§ **SUPPLIED DATA**
· · ·
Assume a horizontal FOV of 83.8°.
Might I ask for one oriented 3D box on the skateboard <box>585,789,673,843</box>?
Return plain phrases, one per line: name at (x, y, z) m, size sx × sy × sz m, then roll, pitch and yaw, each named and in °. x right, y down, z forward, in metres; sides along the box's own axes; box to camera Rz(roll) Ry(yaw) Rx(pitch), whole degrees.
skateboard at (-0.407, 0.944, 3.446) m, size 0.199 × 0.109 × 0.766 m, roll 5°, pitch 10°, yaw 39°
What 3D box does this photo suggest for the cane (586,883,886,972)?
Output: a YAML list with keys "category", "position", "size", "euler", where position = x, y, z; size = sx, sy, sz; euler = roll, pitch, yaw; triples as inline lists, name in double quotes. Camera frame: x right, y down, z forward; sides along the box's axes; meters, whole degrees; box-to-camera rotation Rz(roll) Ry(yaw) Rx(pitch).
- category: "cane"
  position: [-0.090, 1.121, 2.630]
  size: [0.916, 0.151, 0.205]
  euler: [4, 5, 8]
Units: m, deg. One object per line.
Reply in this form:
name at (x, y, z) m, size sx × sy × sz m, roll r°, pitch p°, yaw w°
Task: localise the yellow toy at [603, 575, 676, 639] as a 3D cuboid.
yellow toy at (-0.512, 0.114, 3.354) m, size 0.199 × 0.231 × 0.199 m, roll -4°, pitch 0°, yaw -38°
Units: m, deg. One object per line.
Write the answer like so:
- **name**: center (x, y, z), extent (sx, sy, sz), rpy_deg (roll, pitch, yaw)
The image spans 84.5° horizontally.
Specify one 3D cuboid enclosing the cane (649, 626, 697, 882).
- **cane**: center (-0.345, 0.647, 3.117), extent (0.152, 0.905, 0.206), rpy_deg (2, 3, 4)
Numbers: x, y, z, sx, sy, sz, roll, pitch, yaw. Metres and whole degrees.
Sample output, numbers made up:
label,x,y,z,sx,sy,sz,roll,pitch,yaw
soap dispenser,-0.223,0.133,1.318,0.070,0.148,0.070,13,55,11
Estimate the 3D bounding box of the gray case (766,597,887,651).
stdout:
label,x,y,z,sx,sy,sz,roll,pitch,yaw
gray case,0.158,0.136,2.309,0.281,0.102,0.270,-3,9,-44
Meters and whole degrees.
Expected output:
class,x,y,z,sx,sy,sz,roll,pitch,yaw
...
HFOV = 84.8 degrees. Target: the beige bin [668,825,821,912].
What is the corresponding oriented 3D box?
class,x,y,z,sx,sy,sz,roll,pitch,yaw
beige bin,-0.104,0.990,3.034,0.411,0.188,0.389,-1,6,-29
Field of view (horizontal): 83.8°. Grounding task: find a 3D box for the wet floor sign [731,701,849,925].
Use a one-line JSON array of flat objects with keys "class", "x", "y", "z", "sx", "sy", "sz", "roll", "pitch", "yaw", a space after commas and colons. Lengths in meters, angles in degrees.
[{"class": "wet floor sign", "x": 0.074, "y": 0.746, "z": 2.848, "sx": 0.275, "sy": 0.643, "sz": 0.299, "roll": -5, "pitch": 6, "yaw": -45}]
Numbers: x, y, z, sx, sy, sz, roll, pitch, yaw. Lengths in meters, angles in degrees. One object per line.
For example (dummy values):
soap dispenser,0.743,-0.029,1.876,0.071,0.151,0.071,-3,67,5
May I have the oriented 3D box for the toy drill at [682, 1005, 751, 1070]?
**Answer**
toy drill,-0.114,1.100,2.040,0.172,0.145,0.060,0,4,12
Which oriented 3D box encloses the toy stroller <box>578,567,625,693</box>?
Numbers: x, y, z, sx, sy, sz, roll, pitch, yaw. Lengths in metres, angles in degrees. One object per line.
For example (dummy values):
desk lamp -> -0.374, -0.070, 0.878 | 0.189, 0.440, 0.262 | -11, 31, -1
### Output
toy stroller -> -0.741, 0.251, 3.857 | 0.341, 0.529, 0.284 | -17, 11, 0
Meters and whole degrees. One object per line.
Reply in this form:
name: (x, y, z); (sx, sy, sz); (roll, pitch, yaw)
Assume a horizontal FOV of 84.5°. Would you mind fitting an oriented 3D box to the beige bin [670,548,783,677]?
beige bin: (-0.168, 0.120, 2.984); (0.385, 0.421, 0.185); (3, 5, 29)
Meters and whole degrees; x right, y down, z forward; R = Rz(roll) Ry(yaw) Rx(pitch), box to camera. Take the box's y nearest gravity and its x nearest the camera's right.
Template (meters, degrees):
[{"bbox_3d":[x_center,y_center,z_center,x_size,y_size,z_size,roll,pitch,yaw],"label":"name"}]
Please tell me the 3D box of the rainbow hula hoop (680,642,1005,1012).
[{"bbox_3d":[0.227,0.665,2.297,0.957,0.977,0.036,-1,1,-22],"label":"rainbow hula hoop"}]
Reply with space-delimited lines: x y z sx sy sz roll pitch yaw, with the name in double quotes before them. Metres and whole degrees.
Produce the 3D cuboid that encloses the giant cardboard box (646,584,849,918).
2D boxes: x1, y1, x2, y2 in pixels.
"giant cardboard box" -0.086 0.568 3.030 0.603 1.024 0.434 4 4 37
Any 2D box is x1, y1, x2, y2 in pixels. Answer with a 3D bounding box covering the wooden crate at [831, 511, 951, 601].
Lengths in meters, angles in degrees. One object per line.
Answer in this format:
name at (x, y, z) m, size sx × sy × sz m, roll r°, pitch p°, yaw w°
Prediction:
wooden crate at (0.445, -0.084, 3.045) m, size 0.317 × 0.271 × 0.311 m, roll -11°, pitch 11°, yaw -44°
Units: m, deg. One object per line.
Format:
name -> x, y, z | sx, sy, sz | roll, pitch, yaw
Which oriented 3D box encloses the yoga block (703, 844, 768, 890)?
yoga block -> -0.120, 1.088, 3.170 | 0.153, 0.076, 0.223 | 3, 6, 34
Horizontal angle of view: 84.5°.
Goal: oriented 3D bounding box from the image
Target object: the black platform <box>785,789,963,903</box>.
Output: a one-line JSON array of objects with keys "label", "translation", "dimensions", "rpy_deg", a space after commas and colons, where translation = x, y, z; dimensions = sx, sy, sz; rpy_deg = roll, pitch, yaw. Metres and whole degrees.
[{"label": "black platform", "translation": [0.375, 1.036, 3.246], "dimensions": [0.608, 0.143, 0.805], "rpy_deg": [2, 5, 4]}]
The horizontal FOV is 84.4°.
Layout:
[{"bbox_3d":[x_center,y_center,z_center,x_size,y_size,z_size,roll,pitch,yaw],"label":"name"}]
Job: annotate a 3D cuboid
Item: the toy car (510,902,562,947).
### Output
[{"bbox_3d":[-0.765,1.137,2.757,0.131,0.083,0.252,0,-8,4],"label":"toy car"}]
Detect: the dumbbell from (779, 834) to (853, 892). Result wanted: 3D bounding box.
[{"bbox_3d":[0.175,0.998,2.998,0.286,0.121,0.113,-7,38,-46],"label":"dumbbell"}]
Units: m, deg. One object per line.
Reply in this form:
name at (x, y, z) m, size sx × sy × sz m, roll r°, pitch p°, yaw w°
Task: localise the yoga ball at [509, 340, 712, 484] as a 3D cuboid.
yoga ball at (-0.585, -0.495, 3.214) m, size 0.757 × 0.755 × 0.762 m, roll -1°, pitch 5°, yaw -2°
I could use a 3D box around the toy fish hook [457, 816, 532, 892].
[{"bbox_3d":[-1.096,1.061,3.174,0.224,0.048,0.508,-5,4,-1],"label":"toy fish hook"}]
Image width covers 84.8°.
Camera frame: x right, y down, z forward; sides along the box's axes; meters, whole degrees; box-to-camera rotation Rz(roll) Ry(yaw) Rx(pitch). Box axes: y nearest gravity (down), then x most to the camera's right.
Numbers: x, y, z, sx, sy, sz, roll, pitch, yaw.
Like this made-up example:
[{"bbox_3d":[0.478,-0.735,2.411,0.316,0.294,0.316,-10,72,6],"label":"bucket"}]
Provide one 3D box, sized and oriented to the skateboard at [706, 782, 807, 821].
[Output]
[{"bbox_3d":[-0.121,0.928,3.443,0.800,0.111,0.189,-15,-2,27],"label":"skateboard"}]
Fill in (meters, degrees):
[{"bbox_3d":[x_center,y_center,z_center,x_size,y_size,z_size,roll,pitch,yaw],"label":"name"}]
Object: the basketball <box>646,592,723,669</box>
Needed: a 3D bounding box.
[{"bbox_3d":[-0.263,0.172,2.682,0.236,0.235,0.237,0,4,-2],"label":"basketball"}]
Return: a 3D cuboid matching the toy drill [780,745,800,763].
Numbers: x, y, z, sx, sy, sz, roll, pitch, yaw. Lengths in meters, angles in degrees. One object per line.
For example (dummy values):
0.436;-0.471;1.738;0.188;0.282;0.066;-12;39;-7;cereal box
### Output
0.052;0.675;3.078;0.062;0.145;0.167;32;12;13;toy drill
· · ·
§ **THE PROBLEM**
Report every line in the listing that holds the word "dispenser".

§ **THE COMPLETED TASK**
soap dispenser,-0.223,0.133,1.318,0.070,0.148,0.070,13,55,11
soap dispenser,0.743,-0.029,1.876,0.071,0.151,0.071,-3,67,5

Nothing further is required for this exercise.